Start of ENTRIES PROVIDED

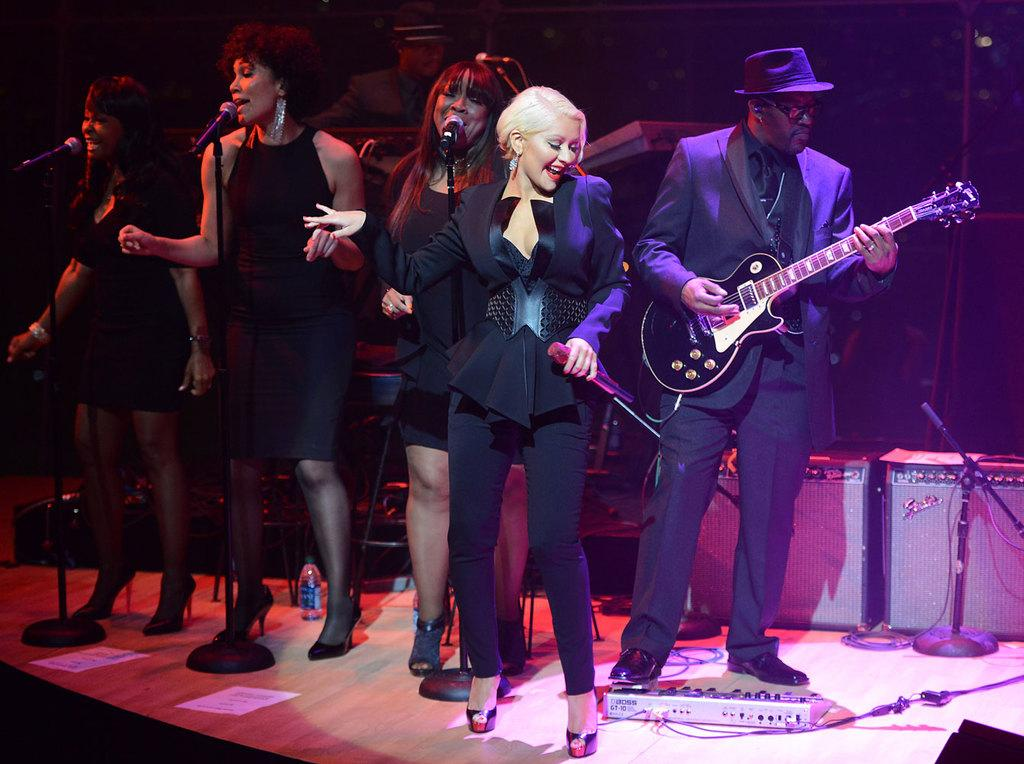What is happening in the image? There are people standing on a stage in the image. What objects are being held by the people on the stage? A man is holding a guitar in his hand, and a woman is holding a microphone in her hand. How many cents are represented by the dime on the stage in the image? There is no dime present on the stage in the image. 
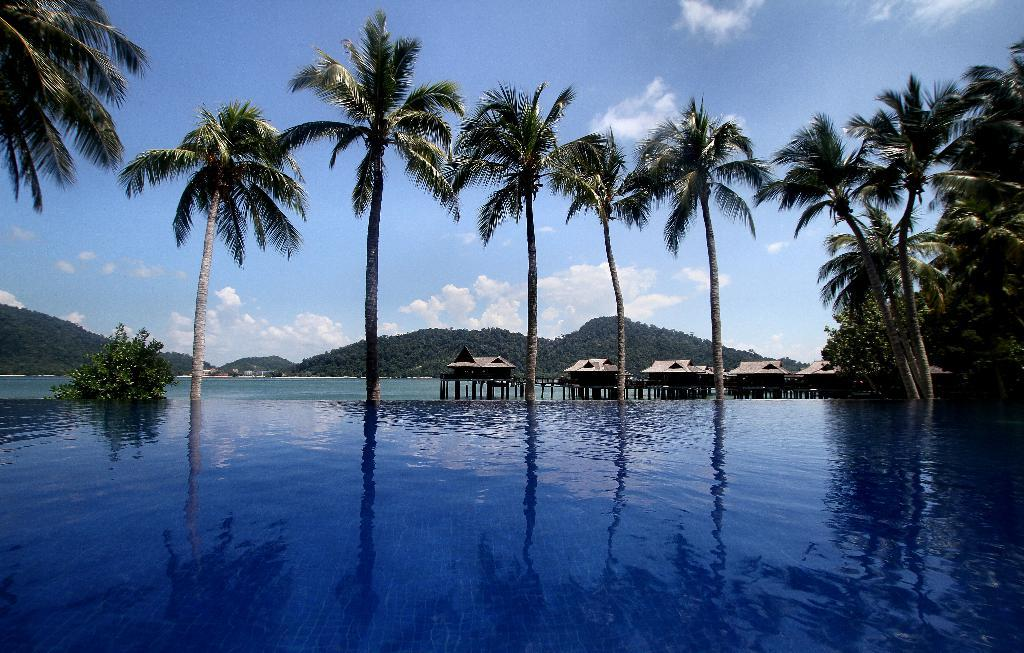What can be seen in the middle of the image? There are trees, houses, a bridge, and water in the middle of the image. What type of landscape feature is present in the middle of the image? A bridge is present in the middle of the image. What is visible in the background of the image? Hills, sky, and clouds are visible in the background of the image. What type of tub can be seen in the image? There is no tub present in the image. What is the breakfast item featured in the image? There is no breakfast item featured in the image. 
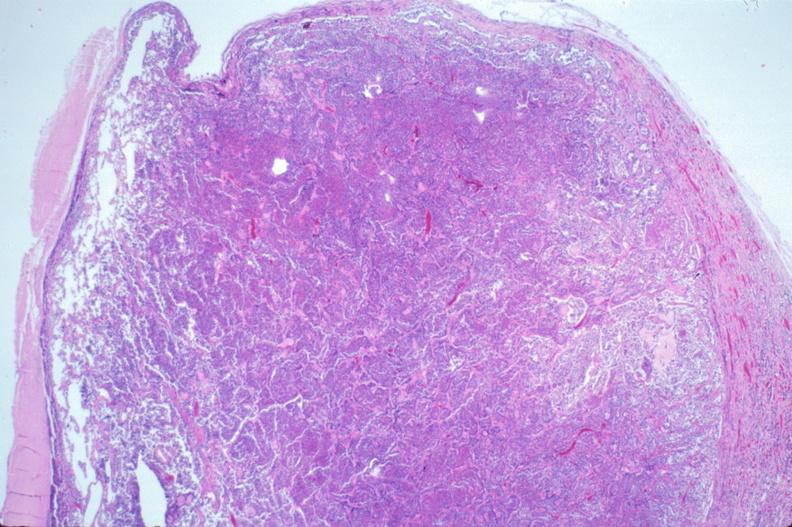what does this image show?
Answer the question using a single word or phrase. Pituitary 
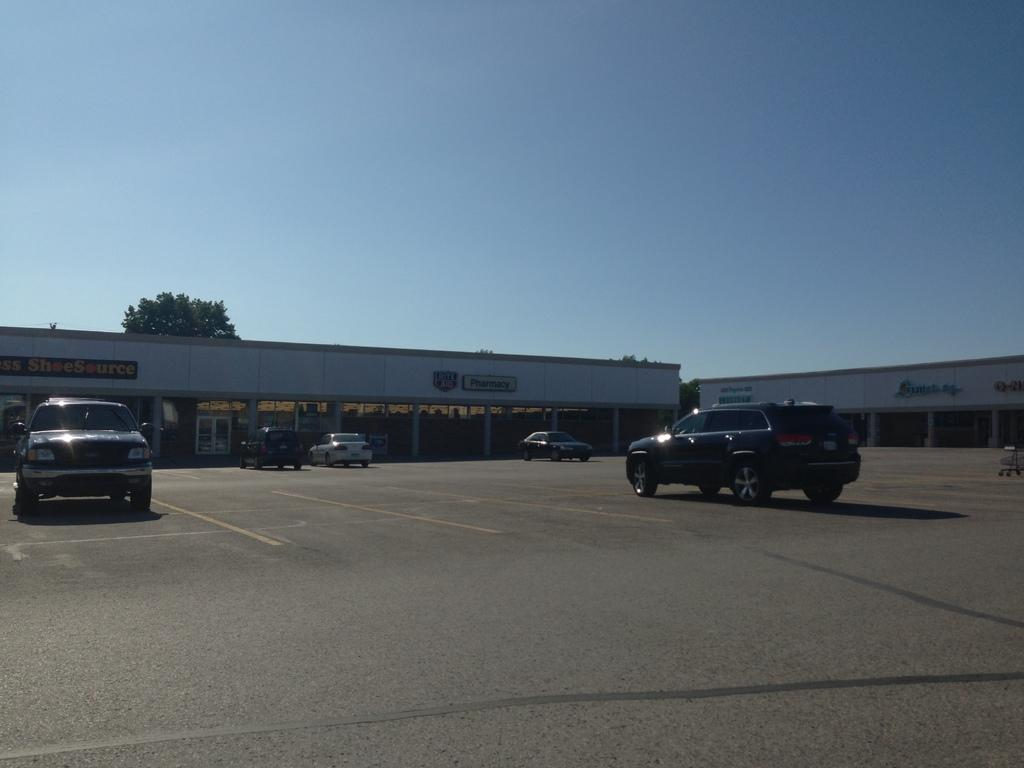What is present on the path in the image? There are vehicles on the path in the image. What structures can be seen in the image? There are buildings visible in the image. What type of vegetation is present in the image? There are trees in the image. What can be seen in the background of the image? The sky is visible in the background of the image. Can you tell me where the coast is located in the image? There is no coast present in the image; it features vehicles on a path, buildings, trees, and the sky. What type of trail is visible in the image? There is no trail mentioned in the image; it features vehicles on a path, buildings, trees, and the sky. 
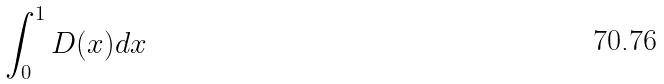<formula> <loc_0><loc_0><loc_500><loc_500>\int _ { 0 } ^ { 1 } D ( x ) d x</formula>

End of ENTRIES PROVIDED

== ASSIGNMENT ==
Set down word for word the lines from the first entry through the line with "Answer the question", both included, omitting pictures.

== PROBLEM SOLUTION ==
What is happening in the image? There are people standing on a stage in the image. What objects are being held by the people on the stage? A man is holding a guitar in his hand, and a woman is holding a microphone in her hand. How many cents are represented by the dime on the stage in the image? There is no dime present on the stage in the image. 
What can be seen in the middle of the image? There are trees, houses, a bridge, and water in the middle of the image. What type of landscape feature is present in the middle of the image? A bridge is present in the middle of the image. What is visible in the background of the image? Hills, sky, and clouds are visible in the background of the image. What type of tub can be seen in the image? There is no tub present in the image. What is the breakfast item featured in the image? There is no breakfast item featured in the image. 
what does this image show?
Answer the question using a single word or phrase. Pituitary 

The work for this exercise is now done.